Presenters: Aaron Boothby and Arman Ameripour
Mentor: Hans Dreyer
PM Poster Presentation
Poster 4
Orthopedic surgeons often utilize a tourniquet during surgical procedures to minimize blood loss and to maintain a clear surgical field. Current clinical dogma is that tourniquet use for up to two hours has no lasting negative impact on muscle tissue. However, our lab has recently shown that tourniquet use downregulates proteins regulating components of the cap-dependent translation initiation and elongation complex and upregulates proteins regulating catabolic pathways (MuRF1 and MAFbx) as well as stress activated protein kinases (SAPK/JNK). Tourniquet induced-anoxia reduces the rate of muscle cell metabolism. Studies have shown that the resultant ATP deficit leads to failure of the sodium potassium pump and subsequently to the building up of intracellular sodium and chloride ions. This change in ionic concentration causes water uptake and cell swelling.
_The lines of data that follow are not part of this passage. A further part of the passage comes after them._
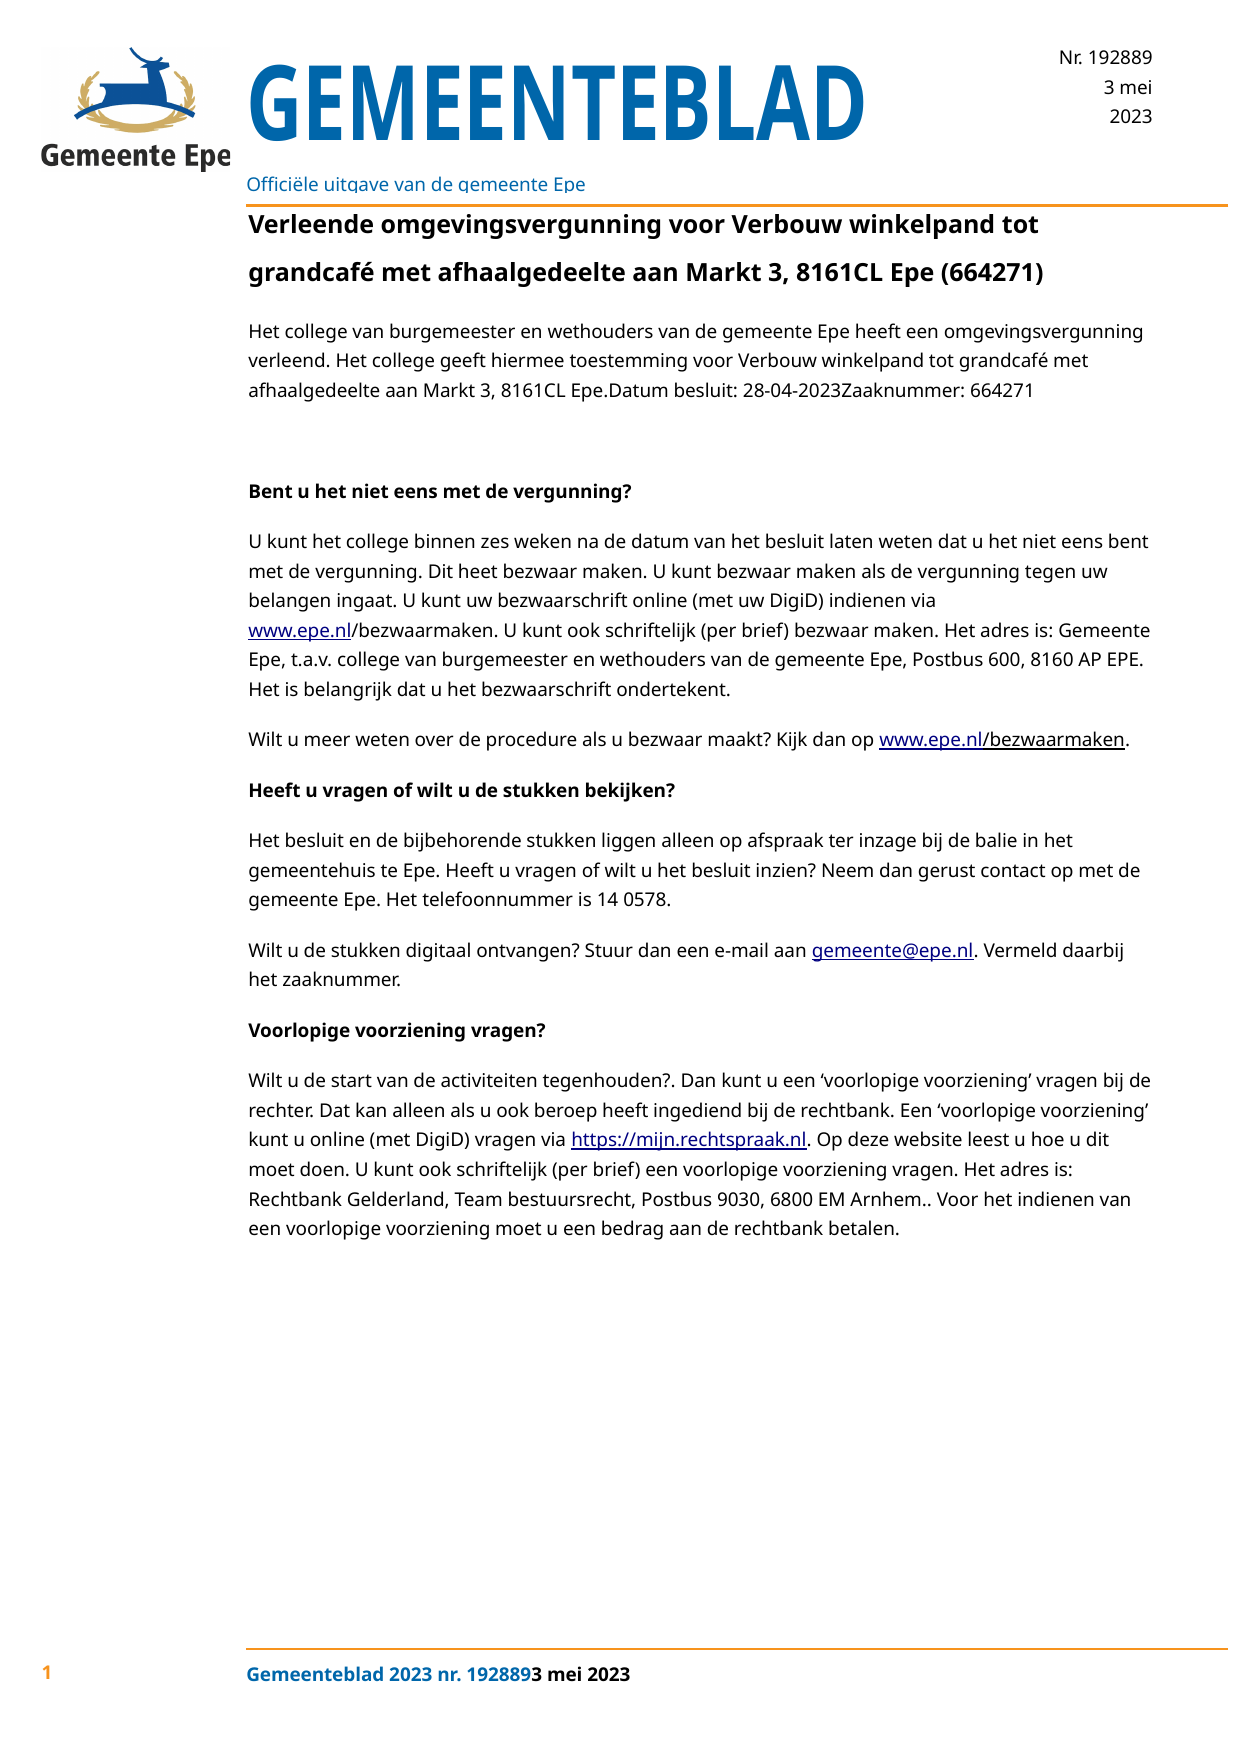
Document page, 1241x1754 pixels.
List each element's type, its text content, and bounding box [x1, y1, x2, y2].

text Wilt u de start van de activiteiten tegenhouden?. Dan kunt u een ‘voorlopige voorziening’ vragen bij de rechter. Dat kan alleen als u ook beroep heeft ingediend bij de rechtbank. Een ‘voorlopige voorziening’ kunt u online (met DigiD) vragen via https://mijn.rechtspraak.nl. Op deze website leest u hoe u dit moet doen. U kunt ook schriftelijk (per brief) een voorlopige voorziening vragen. Het adres is: Rechtbank Gelderland, Team bestuursrecht, Postbus 9030, 6800 EM Arnhem.. Voor het indienen van een voorlopige voorziening moet u een bedrag aan de rechtbank betalen. [248, 1067, 1152, 1241]
text Het besluit en de bijbehorende stukken liggen alleen op afspraak ter inzage bij de balie in het gemeentehuis te Epe. Heeft u vragen of wilt u het besluit inzien? Neem dan gerust contact op met de gemeente Epe. Het telefoonnummer is 14 0578. [248, 827, 1152, 912]
text Wilt u de stukken digitaal ontvangen? Stuur dan een e-mail aan gemeente@epe.nl. Vermeld daarbij het zaaknummer. [248, 937, 1152, 992]
picture [41, 47, 231, 172]
text Bent u het niet eens met de vergunning? [248, 478, 1152, 504]
text Wilt u meer weten over de procedure als u bezwaar maakt? Kijk dan op www.epe.nl/bezwaarmaken. [248, 727, 1152, 752]
text Het college van burgemeester en wethouders van de gemeente Epe heeft een omgevingsvergunning verleend. Het college geeft hiermee toestemming voor Verbouw winkelpand tot grandcafé met afhaalgedeelte aan Markt 3, 8161CL Epe.Datum besluit: 28-04-2023Zaaknummer: 664271 [248, 318, 1152, 403]
text Heeft u vragen of wilt u de stukken bekijken? [248, 777, 1152, 803]
text Verleende omgevingsvergunning voor Verbouw winkelpand tot grandcafé met afhaalgedeelte aan Markt 3, 8161CL Epe (664271) [248, 207, 1152, 288]
text Voorlopige voorziening vragen? [248, 1017, 1152, 1043]
text U kunt het college binnen zes weken na de datum van het besluit laten weten dat u het niet eens bent met de vergunning. Dit heet bezwaar maken. U kunt bezwaar maken als de vergunning tegen uw belangen ingaat. U kunt uw bezwaarschrift online (met uw DigiD) indienen via www.epe.nl/bezwaarmaken. U kunt ook schriftelijk (per brief) bezwaar maken. Het adres is: Gemeente Epe, t.a.v. college van burgemeester en wethouders van de gemeente Epe, Postbus 600, 8160 AP EPE. Het is belangrijk dat u het bezwaarschrift ondertekent. [248, 528, 1152, 702]

In this study, we used immunohistochemistry to analyze morpho- logical changes in muscle cells resulting from tourniquet-induced ischemia and subsequent reperfusion. We hypothesize that tourniquet use will result in muscle cell swelling. Preliminary data supports our hypothesis. Further research is needed to examine the role that cell swelling may play in post-surgical atrophy.